_The data_.
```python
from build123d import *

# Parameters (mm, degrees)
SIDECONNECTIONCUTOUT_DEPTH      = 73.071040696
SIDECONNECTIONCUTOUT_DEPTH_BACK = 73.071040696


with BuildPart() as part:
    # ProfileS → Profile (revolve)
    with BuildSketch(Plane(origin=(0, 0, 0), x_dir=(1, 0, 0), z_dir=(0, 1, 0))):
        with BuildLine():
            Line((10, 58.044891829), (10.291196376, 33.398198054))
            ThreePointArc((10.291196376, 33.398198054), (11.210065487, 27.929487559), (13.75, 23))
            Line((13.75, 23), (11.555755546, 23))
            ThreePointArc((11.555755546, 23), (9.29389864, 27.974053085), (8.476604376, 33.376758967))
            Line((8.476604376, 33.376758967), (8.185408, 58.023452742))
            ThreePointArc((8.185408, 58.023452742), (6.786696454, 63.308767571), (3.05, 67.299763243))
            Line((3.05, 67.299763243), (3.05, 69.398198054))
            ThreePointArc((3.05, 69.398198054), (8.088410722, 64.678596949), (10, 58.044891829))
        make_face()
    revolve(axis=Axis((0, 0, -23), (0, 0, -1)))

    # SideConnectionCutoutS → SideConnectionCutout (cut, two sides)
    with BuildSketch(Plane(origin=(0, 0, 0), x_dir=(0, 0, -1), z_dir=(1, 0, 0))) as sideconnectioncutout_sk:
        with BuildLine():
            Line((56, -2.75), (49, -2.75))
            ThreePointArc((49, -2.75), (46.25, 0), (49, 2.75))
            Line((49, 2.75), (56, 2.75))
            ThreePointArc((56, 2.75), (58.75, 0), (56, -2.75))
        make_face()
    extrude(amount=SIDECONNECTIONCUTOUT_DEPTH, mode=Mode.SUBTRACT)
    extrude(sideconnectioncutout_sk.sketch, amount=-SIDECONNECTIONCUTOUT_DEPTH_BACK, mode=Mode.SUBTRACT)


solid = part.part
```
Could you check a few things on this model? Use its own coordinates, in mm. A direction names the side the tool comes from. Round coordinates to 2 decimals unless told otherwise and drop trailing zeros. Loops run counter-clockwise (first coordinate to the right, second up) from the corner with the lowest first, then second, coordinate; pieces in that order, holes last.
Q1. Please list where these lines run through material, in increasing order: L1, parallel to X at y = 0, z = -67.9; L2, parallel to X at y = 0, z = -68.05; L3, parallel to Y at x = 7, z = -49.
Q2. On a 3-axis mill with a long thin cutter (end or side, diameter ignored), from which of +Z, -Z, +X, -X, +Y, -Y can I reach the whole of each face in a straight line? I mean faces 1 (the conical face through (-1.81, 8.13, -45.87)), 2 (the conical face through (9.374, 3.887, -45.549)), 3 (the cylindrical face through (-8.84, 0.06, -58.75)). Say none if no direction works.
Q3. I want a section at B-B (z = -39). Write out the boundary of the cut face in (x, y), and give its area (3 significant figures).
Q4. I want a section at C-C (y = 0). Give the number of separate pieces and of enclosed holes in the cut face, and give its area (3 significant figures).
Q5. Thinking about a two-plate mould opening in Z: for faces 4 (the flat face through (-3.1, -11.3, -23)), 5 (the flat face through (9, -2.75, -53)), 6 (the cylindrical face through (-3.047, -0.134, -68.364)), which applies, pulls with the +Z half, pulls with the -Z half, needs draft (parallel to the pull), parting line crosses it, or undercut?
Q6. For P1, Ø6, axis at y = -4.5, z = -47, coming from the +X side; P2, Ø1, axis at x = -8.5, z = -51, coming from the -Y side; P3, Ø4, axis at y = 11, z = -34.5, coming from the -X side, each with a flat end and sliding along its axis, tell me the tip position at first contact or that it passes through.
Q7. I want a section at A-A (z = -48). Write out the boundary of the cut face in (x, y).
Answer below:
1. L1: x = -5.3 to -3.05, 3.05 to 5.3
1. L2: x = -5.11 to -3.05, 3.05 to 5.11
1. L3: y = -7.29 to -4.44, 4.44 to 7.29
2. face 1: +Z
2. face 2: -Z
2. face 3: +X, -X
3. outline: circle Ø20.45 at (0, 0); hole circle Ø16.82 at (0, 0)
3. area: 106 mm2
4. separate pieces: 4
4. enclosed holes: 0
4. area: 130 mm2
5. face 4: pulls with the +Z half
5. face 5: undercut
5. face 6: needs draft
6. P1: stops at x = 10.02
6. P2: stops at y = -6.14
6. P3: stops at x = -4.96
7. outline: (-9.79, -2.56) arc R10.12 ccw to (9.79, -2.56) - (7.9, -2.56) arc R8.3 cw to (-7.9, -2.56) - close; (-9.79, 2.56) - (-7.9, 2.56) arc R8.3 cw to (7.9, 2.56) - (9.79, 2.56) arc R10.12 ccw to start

==

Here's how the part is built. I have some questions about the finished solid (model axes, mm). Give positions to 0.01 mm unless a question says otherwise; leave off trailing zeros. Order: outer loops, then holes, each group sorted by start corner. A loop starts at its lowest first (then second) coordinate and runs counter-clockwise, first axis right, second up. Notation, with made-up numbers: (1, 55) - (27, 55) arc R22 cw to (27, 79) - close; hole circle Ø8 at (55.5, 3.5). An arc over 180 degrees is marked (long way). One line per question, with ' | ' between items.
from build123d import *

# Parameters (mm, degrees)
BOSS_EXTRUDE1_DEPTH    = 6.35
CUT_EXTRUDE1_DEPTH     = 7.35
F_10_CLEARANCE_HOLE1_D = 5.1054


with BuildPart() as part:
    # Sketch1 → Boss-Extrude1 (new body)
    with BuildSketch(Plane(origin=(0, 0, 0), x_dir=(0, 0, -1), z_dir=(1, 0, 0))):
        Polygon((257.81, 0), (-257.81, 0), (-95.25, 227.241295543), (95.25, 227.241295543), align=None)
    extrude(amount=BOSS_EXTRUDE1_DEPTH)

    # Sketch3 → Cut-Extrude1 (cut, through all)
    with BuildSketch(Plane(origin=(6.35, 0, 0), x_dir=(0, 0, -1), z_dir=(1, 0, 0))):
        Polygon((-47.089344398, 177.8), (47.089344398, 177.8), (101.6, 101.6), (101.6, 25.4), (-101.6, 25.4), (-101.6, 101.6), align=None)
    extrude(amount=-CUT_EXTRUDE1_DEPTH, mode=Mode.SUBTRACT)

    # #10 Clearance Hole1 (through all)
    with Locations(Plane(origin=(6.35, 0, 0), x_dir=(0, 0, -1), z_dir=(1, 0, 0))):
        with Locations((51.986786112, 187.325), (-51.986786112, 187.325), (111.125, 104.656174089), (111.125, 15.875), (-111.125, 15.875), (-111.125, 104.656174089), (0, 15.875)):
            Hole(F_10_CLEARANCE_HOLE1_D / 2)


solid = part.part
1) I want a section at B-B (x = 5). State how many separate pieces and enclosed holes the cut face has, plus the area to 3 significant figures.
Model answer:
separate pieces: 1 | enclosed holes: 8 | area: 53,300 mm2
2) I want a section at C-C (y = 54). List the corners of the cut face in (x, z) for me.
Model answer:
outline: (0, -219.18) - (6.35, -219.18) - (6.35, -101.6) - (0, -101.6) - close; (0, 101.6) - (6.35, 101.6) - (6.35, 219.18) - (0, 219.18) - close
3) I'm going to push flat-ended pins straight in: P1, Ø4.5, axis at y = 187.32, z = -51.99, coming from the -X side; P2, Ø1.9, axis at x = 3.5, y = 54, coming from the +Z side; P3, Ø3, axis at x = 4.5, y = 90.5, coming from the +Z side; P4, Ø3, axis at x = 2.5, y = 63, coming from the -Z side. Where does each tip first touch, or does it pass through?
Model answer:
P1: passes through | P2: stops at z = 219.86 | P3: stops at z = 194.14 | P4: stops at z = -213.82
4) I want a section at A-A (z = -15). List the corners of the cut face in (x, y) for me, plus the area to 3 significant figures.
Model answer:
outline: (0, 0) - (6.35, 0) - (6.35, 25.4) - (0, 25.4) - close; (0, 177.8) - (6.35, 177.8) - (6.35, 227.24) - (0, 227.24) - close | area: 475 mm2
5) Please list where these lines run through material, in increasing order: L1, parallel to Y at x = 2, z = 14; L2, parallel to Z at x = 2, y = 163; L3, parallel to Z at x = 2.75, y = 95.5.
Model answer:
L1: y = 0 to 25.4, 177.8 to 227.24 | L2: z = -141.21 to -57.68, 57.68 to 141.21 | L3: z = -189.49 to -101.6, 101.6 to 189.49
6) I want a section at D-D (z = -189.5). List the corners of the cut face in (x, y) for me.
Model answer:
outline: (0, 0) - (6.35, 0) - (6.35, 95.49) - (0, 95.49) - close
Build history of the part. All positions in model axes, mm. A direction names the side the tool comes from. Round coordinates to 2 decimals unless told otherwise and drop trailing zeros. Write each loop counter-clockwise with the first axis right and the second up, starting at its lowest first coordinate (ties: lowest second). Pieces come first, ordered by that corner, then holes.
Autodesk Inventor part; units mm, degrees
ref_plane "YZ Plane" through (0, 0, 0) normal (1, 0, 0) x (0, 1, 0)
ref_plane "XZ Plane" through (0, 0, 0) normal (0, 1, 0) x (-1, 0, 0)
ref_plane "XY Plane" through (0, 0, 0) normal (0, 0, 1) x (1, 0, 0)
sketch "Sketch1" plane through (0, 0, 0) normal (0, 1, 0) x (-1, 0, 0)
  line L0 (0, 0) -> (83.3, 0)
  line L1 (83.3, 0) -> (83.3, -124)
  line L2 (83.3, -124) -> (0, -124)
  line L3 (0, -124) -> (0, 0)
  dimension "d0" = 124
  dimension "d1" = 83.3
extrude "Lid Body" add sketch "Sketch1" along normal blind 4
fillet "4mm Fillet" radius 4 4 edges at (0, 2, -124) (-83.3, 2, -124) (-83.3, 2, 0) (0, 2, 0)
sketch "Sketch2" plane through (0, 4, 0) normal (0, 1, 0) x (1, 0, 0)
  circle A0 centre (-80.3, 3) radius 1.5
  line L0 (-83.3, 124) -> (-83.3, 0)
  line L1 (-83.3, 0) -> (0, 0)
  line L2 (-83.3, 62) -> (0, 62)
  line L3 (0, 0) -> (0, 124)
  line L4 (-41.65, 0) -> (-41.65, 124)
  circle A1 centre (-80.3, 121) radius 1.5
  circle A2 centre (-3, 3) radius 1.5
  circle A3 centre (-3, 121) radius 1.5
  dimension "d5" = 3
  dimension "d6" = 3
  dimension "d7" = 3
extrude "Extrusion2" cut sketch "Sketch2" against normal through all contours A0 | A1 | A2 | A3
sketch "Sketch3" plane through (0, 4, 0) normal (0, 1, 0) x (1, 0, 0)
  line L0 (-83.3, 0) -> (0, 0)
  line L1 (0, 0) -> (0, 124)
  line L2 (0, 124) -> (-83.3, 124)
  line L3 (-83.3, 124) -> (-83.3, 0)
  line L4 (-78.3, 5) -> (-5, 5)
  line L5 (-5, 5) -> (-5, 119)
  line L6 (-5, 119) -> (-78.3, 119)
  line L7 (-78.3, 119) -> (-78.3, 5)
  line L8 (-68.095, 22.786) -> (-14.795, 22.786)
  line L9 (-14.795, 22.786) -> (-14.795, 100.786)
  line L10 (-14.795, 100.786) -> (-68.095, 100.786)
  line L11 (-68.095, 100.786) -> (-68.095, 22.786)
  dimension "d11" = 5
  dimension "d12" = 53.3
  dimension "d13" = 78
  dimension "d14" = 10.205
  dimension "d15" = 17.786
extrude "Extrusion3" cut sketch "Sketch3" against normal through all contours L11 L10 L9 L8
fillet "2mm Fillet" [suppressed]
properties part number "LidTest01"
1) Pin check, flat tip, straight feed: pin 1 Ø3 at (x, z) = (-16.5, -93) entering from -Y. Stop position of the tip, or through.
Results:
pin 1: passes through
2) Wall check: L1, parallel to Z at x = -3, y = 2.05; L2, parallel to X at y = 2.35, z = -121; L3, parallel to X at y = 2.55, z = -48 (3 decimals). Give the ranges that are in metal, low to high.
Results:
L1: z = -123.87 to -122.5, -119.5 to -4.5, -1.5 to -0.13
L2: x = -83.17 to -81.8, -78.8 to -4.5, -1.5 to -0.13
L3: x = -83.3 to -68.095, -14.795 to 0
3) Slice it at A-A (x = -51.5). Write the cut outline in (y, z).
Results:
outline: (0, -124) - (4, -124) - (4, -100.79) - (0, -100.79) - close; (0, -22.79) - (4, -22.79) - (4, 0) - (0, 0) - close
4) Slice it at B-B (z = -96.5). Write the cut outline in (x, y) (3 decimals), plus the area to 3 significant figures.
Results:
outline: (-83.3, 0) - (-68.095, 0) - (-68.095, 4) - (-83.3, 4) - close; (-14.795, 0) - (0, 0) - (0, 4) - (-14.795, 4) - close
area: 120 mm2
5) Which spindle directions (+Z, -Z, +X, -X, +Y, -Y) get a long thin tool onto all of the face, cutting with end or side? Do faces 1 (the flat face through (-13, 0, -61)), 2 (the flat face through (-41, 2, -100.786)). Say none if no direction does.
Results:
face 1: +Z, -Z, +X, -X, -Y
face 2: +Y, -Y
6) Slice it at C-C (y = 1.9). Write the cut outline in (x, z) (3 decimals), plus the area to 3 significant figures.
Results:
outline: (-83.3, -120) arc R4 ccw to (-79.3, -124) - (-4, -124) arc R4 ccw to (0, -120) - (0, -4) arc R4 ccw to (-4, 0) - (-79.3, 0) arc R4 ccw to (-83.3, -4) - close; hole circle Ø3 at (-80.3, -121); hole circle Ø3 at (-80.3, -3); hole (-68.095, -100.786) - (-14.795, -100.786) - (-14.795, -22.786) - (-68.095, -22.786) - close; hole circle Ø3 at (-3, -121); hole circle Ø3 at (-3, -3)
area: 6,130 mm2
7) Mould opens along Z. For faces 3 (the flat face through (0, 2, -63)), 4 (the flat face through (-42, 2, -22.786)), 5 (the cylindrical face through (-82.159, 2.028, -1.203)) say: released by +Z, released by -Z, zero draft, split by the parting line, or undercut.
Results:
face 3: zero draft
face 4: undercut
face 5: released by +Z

_Work instructions_. Copy out every line of the data in which the word "needs" is found.

_Completed exercise_.
Q5. Thinking about a two-plate mould opening in Z: for faces 4 (the flat face through (-3.1, -11.3, -23)), 5 (the flat face through (9, -2.75, -53)), 6 (the cylindrical face through (-3.047, -0.134, -68.364)), which applies, pulls with the +Z half, pulls with the -Z half, needs draft (parallel to the pull), parting line crosses it, or undercut?
5. face 6: needs draft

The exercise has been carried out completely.